To work with external files, LangChain provides data loaders that can be used to load documents from various sources. Combining LLMs with external data is generally referred to as Retrieval Augmented Generation (RAG).

Let's see how we can use the UnstructuredMarkdownLoader to load a document from a Markdown file:

In [None]:
%time
!pip install pypdf --q
!pip install -qqq chromadb==0.4.10 --progress-bar off
!pip install -qqq langchain==0.0.299 --progress-bar off
!pip install -qqq sentence_transformers==2.2.2 --progress-bar off

CPU times: user 3 µs, sys: 0 ns, total: 3 µs
Wall time: 12.6 µs


In [None]:
from langchain.document_loaders import UnstructuredMarkdownLoader
from langchain.document_loaders import PyPDFLoader
from langchain.llms import HuggingFaceHub

loader = PyPDFLoader("/content/attention.pdf")

docs = loader.load()
len(docs)

15

The Markdown file we're loading is the original Attention paper: "Attention is all you need!". Let's see how we can use the RecursiveCharacterTextSplitter to split the document into smaller chunks:

In [None]:
from langchain.text_splitter import RecursiveCharacterTextSplitter

text_splitter = RecursiveCharacterTextSplitter(chunk_size=1024, chunk_overlap=64)
texts = text_splitter.split_documents(docs)
len(texts)

47

Splitting the document into chunks is required due to the limited number of tokens a LLM can look at once (4096 for Llama 2). Next, we'll use the HuggingFaceEmbeddings class to create embeddings for the chunks:

In [None]:
from langchain.embeddings import HuggingFaceEmbeddings

embeddings = HuggingFaceEmbeddings(
    model_name="thenlper/gte-large",
    model_kwargs={"device": "cuda"},
    encode_kwargs={"normalize_embeddings": True},
)

query_result = embeddings.embed_query(texts[0].page_content)
print(len(query_result))

1024


In the spirit of using free tools, we're also using free embeddings hosted by HuggingFace. We'll use Chroma database to store/cache the embeddings and make it easy to search them:

To combine the LLM with the database, we'll use the RetrievalQA chain:

In [None]:
from langchain.vectorstores import Chroma

db = Chroma.from_documents(texts, embeddings, persist_directory="db")
results = db.similarity_search("Transformer models", k=2)
print(results[0].page_content)

6.2 Model Variations
To evaluate the importance of different components of the Transformer, we varied our base model
in different ways, measuring the change in performance on English-to-German translation on the
5We used values of 2.8, 3.7, 6.0 and 9.5 TFLOPS for K80, K40, M40 and P100, respectively.
8


In [None]:
# get a token: https://huggingface.co/docs/api-inference/quicktour#get-your-api-token

from getpass import getpass

HUGGINGFACEHUB_API_TOKEN = getpass()

··········


In [None]:
import os

os.environ["HUGGINGFACEHUB_API_TOKEN"] = HUGGINGFACEHUB_API_TOKEN

In [None]:
# We are using Mistral-7B for this question answering
repo_id = "mistralai/Mistral-7B-v0.1"

llm = HuggingFaceHub(repo_id=repo_id, model_kwargs={"temperature":0.2, "max_new_tokens":100})



In [None]:
from langchain.chains import RetrievalQA
from langchain import PromptTemplate

template = """
<s>[INST] <<SYS>>
Act as a ML expert. Use the following information to answer the question at the end.
<</SYS>>

{context}

{question} [/INST]
"""

prompt = PromptTemplate(template=template, input_variables=["context", "question"])
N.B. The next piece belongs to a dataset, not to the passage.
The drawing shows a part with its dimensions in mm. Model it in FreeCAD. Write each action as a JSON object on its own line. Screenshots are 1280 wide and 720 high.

qa_chain = RetrievalQA.from_chain_type(
    llm=llm,
    chain_type="stuff",
    retriever=db.as_retriever(search_kwargs={"k": 2}),
    return_source_documents=True,
    chain_type_kwargs={"prompt": prompt},
)

result = qa_chain(
    "How does attention solves the deep learning problem? Explain like I am five."
)
print(result["result"].strip())

[SOL]
Attention solves the deep learning problem by allowing the model to focus on specific parts of the input
data that are most relevant to the task at hand. This is achieved by assigning different weights to
different parts of the input, based on their importance.
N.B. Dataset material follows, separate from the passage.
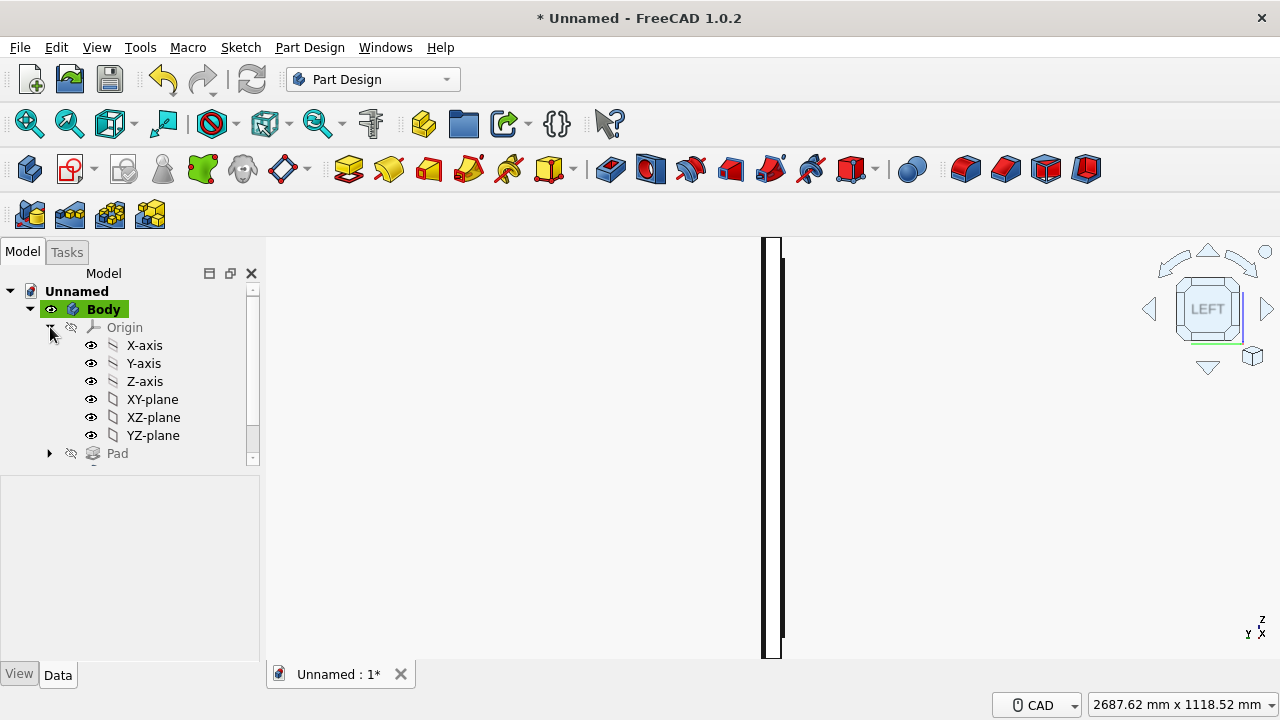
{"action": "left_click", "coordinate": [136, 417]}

For example, in a machine translation task, the model can use attention to focus on the most
relevant words in the source language when generating the translation in the target language. This


This will pass our prompt to the LLM along with the top 2 results from the database. The LLM will then use the prompt to generate an answer. The answer will be returned along with the source documents. Let's try another prompt:

In [None]:
from textwrap import fill

result = qa_chain(
    "Summarize the advantages of attention mechanisms over traditional approaches in 2-3 sentences."
)
print(fill(result["result"].strip(), width=80))

[INST] <<SYS>> Act as a ML expert. Use the following information to answer the
question at the end. <</SYS>>  The attention mechanism is a general approach to
model long- distance dependencies in sequences . <EOS> <pad> <pad> <pad> <pad>
<pad> <pad> The


## Exercise 1: Implement RAG for a Report and Create a Summary of the Report

## Quantization


Quantization is a technique to reduce the computational and memory costs of running inference by representing the weights and activations with low-precision data types like 8-bit integer (int8) instead of the usual 32-bit floating point (float32). This means the models take up less space, might use less power, and can do calculations quicker using simpler math. It also lets these models work on smaller devices that might only handle these simpler number types.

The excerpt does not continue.